In CD4+ T cells, remission odds of patients with DMARDs, all of whom were in remission except one patient (Figure 1), were significantly higher compared with drug-naïve patients (Figure 3A). Of note, although there was no significance due to limited samples, SF samples had trend toward low remission odds as well as drug-naïve samples from peripheral blood, suggesting remission signature genes might represent pathogenic status of RA. Conversely, in comparison with HCs, they were similar values without difference of type of drugs, indicating all drugs pushed pathogenic gene expression profile of remission signature genes back to healthy state. Correspondingly, principal component analysis (PCA) using remission signature genes in CD4+ T cells demonstrated only drug-naïve samples made different cluster from others except naïve subset (Figure 3B).
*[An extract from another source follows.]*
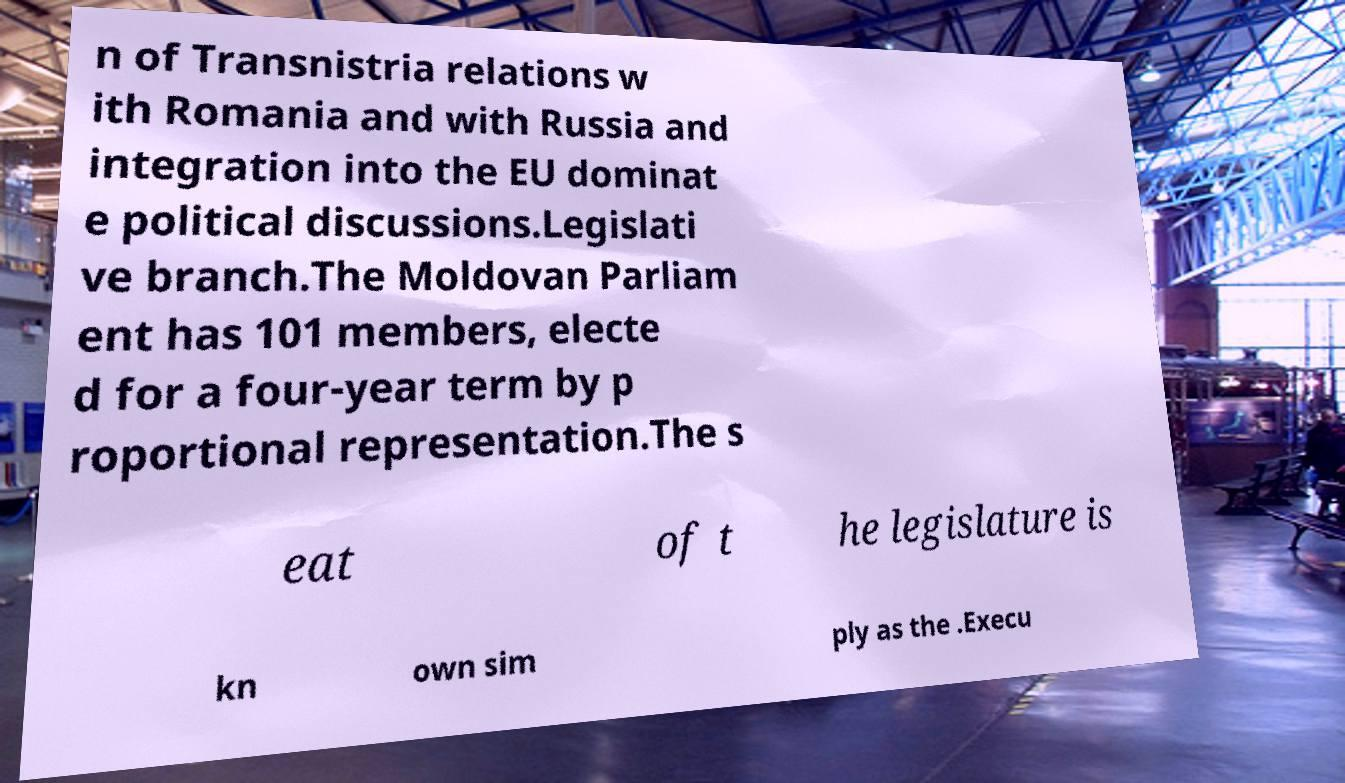Can you accurately transcribe the text from the provided image for me? n of Transnistria relations w ith Romania and with Russia and integration into the EU dominat e political discussions.Legislati ve branch.The Moldovan Parliam ent has 101 members, electe d for a four-year term by p roportional representation.The s eat of t he legislature is kn own sim ply as the .Execu

To validate classification ability of remission signature genes, PCA analysis was conducted using expression data in validation cohort. Along with earlier results, samples from patients in remission created cluster apart from those in non-remission, supporting robustness of remission signature genes of CD4+ T cells (Figure 3C).
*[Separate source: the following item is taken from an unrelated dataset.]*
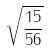<formula> <loc_0><loc_0><loc_500><loc_500>\sqrt { \frac { 1 5 } { 5 6 } }</formula> 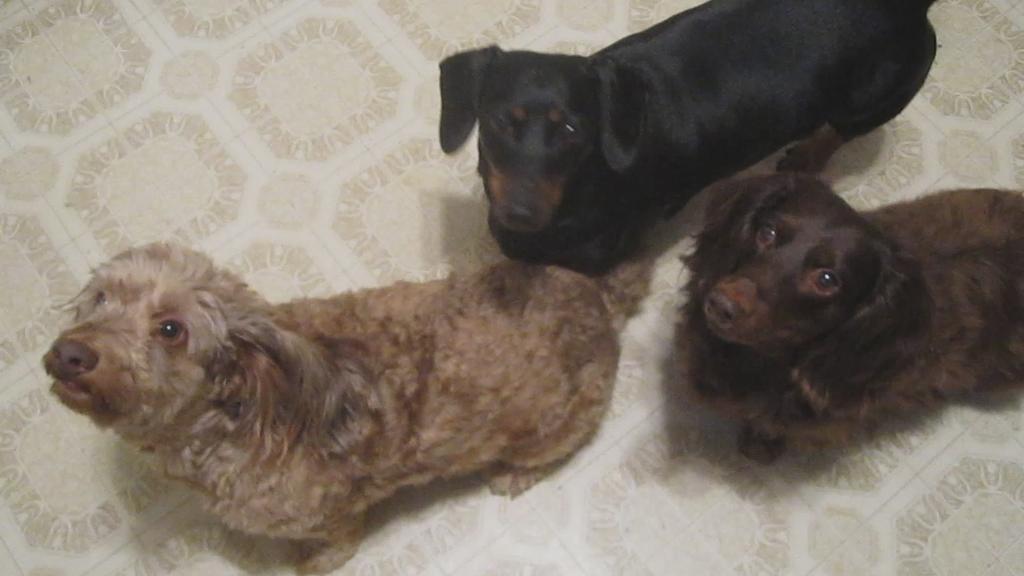Could you give a brief overview of what you see in this image? In this image I can see three dogs. I can see colour of these dogs are brown, black and cream.

Regarding to CD8+ T cell subpopulations, like CD4+ T cells, all of remission odds of patients with DMARDs were significantly higher compared with those of drug-naïve (Figure 4A). However, remission odds of some samples in groups of DMARDs were also significantly higher than those of HCs, suggesting selected genes in CD8+ T cells might not represent healthy state correctly. In addition, PCA demonstrated all clusters overlapped except TEM subpopulation (Figure 4B). Further, PCA using validation cohort also couldn’t show validity of selected genes, indicating vulnerable ability of remission signature genes in CD8+ T cells (Figure 4C).
Relations between molecular remission and following disease activity
To elucidate the benefits of MR, we next addressed whether there were any differences between patients in “deep” MR and non-deep MR. To achieve this goal, we conducted a follow-up study of consecutive 29 patients (MTX, n=10; IFX, n=10; TCZ, n=9) treated with DMARDs in derivation cohort for up to 12 months after the time point at measurement of gene expression. We defined MR of each cell subset as remission odds greater than average value of remission odds in each cell subset, and deep MR of each patient as the number of cell subsets in MR greater than 4 (maximum 7). Of the 29 patients treated with DMARDs, 12 and 17 patients were classified as deep MR and non-deep MR. Disease activity did not have a statistically significant difference at any time point (Figure 5A). Cumulative DAS28-ESR (described as AUC), however, of patients treated with TCZ in deep MR had a trend lower than those with TCZ in non-deep MR (12.48 [11.25-13.82] vs 18.26 [17.07-18.36], p = 0.19) (Figure 5B). In comparison among drugs, the difference was significant between patients treated with TCZ and those with MTX in deep MR. Although we conducted sensitivity analysis by changing outcome (e.g., DAS28-CRP and each component of DAS28) and definition of deep MR (e.g., the cut-off number of cell subpopulation, limited to CD4+ T cell subpopulations), we couldn’t find significant benefit of deep MR in our data (data not shown).